3.On 17 August 1993, in consideration of the indulgence by way of time to pay the sum owing on the trust receipt facility, the company agreed to deposit the title deeds in respect of its property at 16 Carpenter Street, Singapore (the said property) by way of security. Pursuant thereto, the company deposited the title deeds with OCBC on 11 November 1993 accompanied by a memorandum confirming same, thereby creating an equitable mortgage of the said property in favour of OCBC (the equitable mortgage).

4.On 25 March 1994, OCBC lodged a caveat in the Registry of Titles and Deeds under the Land Titles Act claiming interest as `equitable mortgagees`.

5.In the meantime on 12 March 1994 the second plaintiff (BBL), another banker of the company, obtained judgment against the company for the amount owing to it by the company.

6.On 25 April 1994, OCBC obtained an order of court (the enforcement order) that the equitable mortgage be enforced by way of sale and that the company do deliver up vacant possession of the said property to OCBC. A copy of the enforcement order was served on the company on 6 May 1994.
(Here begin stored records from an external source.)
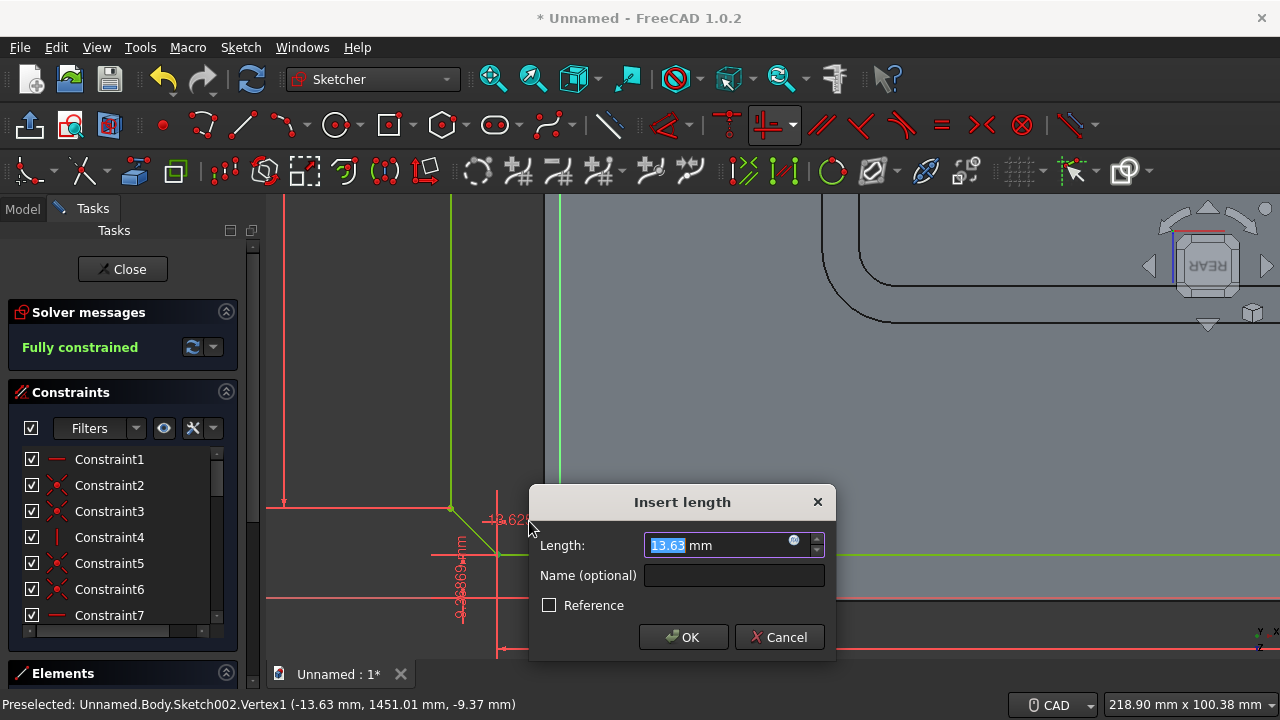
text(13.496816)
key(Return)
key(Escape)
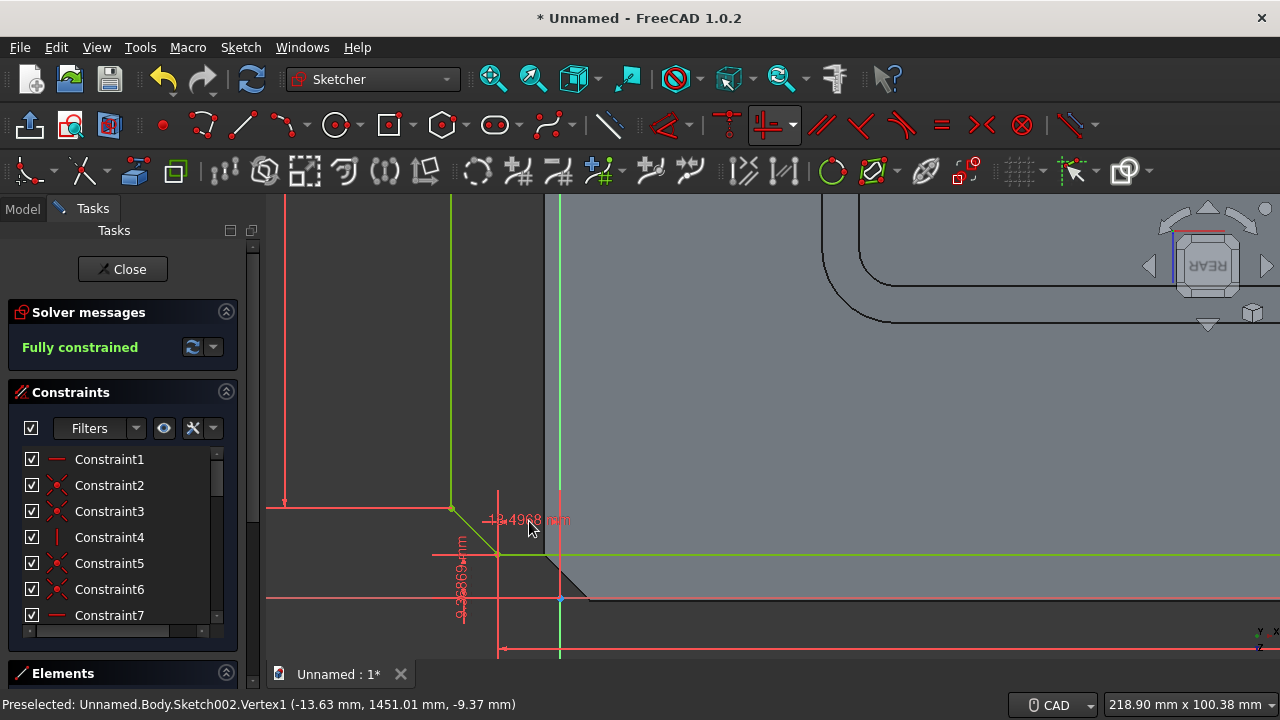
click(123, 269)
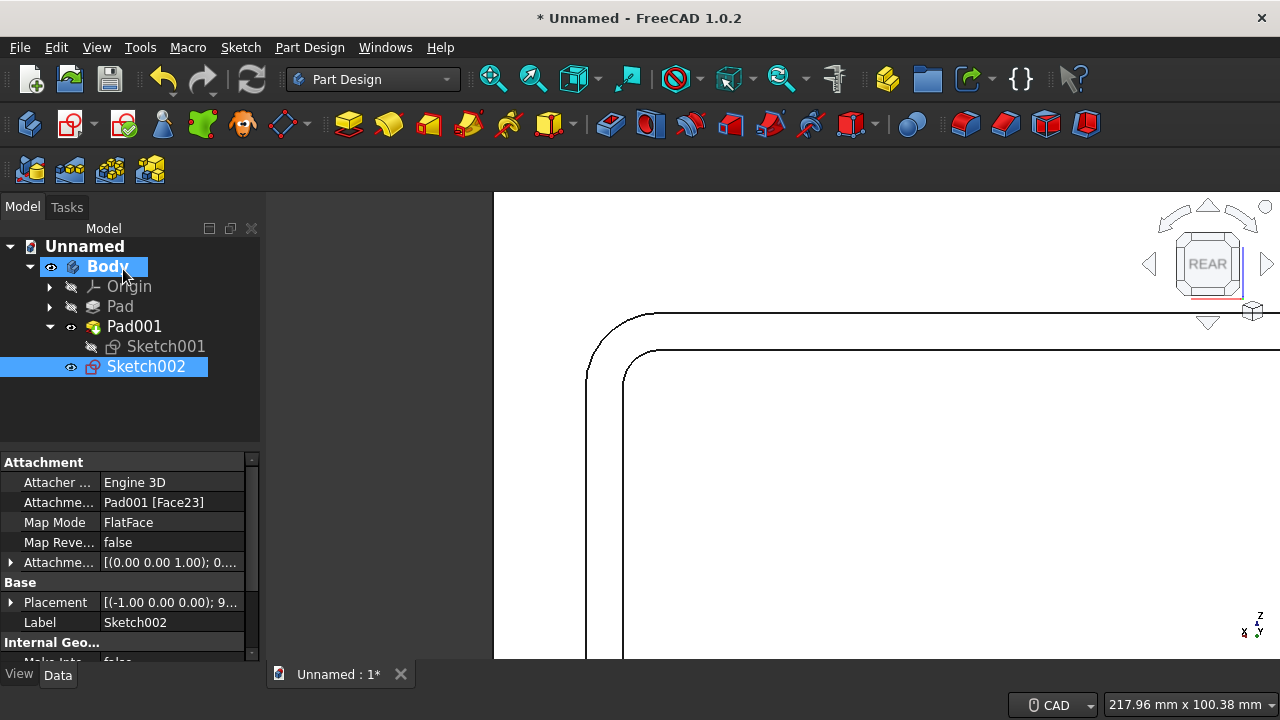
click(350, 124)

7.As the judgment obtained by BBL against the company on 12 March 1994 remained unsatisfied, BBL on 6 May 1994 presented Winding Up Petition No 105 of 1994 against the company.

8.On 12 May 1994, the first plaintiffs were appointed receivers and managers over the assets of the company. In the course of the receivership, the first plaintiffs came to know of the equitable mortgage. Upon discovering that the equitable mortgage had not been registered as required under s 131(1) of the Companies Act (Cap 50, 1994 Ed) (the Act), Khattar Wong & Partners on 1 June 1994 on behalf of BBL and the first plaintiffs as receivers and managers wrote to Allen & Gledhill, solicitors for OCBC stating:

We note that you act for OCBC who claim to be equitable mortgagees of the above property owned by the Company. We now understand that your clients have purported to exercise their rights as equitable mortgagees to sell the property and the auction sale of the property is scheduled to take place today at 2.30pm.

On behalf of our clients, we hereby put your clients on notice that both our clients take the position that the equitable mortgage upon which your clients purport to exercise their rights to sell the property is void for want of registration against creditors of the Company pursuant to s 131 of the Company`s [sic] Act.

9.Notwithstanding the position taken by BBL and the first plaintiffs as receivers and managers, OCBC proceeded with the sale and transfer of the said property on 4 October 1994 to one Ng Gim Bee for $1,975,000. The transfer was registered on 13 April 1995.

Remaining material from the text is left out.